Hacer alma es también distinto de la mejora de la personalidad. La noción de desarrollo de la personalidad se centra en el hombre y en el incremento de sus posibilidades, y aquí los ideales de crecimiento, recursos y creatividad humanos vuelven a ligar el alma al movimiento de los sentimientos dentro del horizonte humano.

Todas las áreas del sentimiento pierden importancia cuando el hombre se convierte en la medida, cuando el sentimiento pasa a ser sólo un problema que es preciso resolver y a partir del cual crecer. El sentimiento que es sólo una función humana pierde su capacidad de reflejar la psique más allá de lo humano, hacia los paraderos ignotos del alma. Por tanto, es necesario deshumanizar, despersonalizar y des-moralizar la psique para ahondar en el significado de sus experiencias humanas más allá de la medida del hombre. 

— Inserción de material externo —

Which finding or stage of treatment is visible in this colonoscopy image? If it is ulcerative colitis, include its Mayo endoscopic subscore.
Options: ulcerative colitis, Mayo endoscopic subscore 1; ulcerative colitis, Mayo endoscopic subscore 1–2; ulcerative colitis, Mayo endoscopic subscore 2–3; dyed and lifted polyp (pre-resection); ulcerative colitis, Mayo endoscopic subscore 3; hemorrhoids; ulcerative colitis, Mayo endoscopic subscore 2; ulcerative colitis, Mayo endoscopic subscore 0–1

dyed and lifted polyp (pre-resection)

Desde los tiempos de Aristóteles, la esencia del hombre se ha definido mediante su primer motor: el alma. En nuestra tradición, la esencia de la psique no es el hombre, pues el primer motor del alma se expresa mediante una fantasía de poderes transhumanos. Por eso, comenzar por el hombre es comenzar al revés. Dicho de un modo más lógico: lo humano es necesario para la psicología, pero no es suficiente.

La insuficiencia del enfoque humanístico se revela más gravemente en la reducción de los grandes fenómenos transpersonales a dinámicas personales: los mitos son productos humanos. Este malentendido acerca del mito nace en los comienzos del humanismo con Protágoras, el sofista (a quien se atribuye la frase «el hombre es la medida de todas las cosas»), pasa por la alegorización de los mitos como lecciones humanísticas durante la Ilustración y muere con el existencialismo humanístico de Sartre. Tanto ha preocupado al humanismo la despotenciación del mito que ha llegado a convertirse en su definición: la psicología del humanismo es el mito del hombre sin mitos. 

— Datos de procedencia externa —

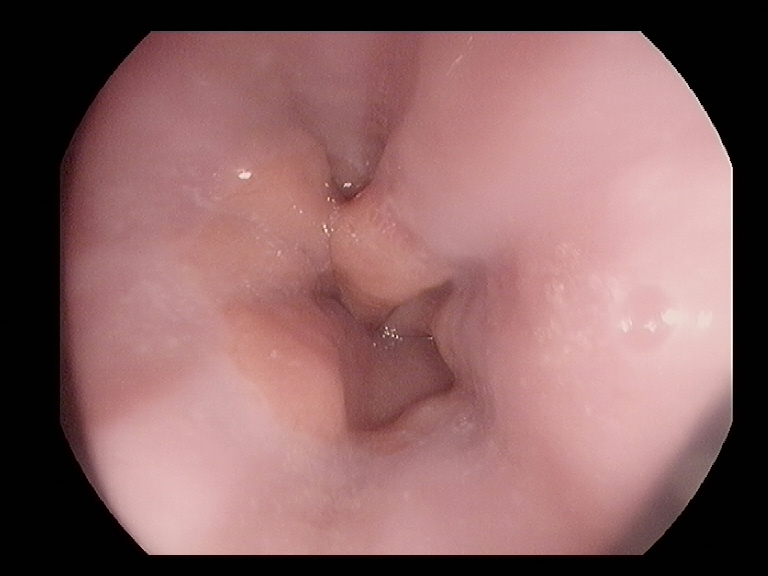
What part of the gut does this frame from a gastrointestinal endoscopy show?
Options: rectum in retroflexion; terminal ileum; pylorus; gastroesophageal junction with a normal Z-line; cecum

gastroesophageal junction with a normal Z-line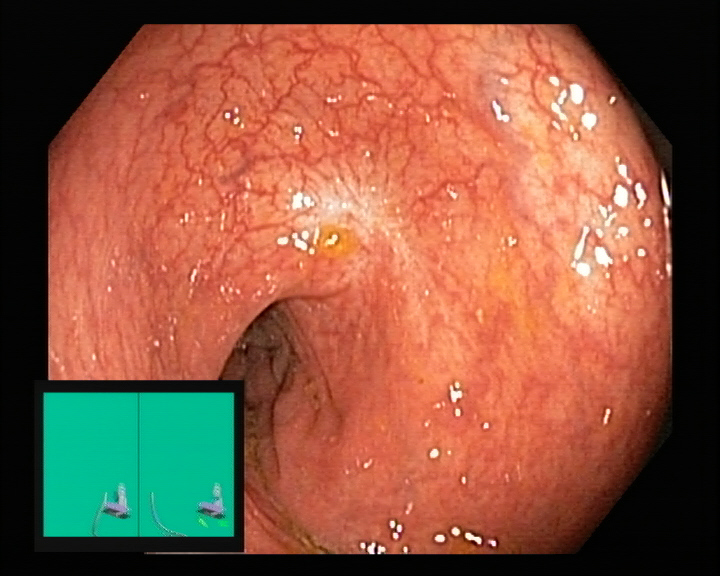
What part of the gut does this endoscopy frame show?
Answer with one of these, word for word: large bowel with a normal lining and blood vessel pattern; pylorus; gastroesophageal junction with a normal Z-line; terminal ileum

large bowel with a normal lining and blood vessel pattern

Los mitos que modelan las vidas humanas se convierten, con el humanismo, en instrumentos que la mente inventa para explicarse a sí misma. La «otredad» inherente al mito en un reino imaginal distinto, la espontaneidad creativa de estas historias y el hecho de que son historias de dioses y de sus actividades con los humanos, todo ello se convierte en algo inventado por el hombre. Perdemos la experiencia de su realidad primordial y de nosotros mismos al pasar a través de ellos, al ser vividos por ellos, y olvidamos que «los mitos se comunican entre sí a través de los hombres sin que éstos sean conscientes de este hecho». 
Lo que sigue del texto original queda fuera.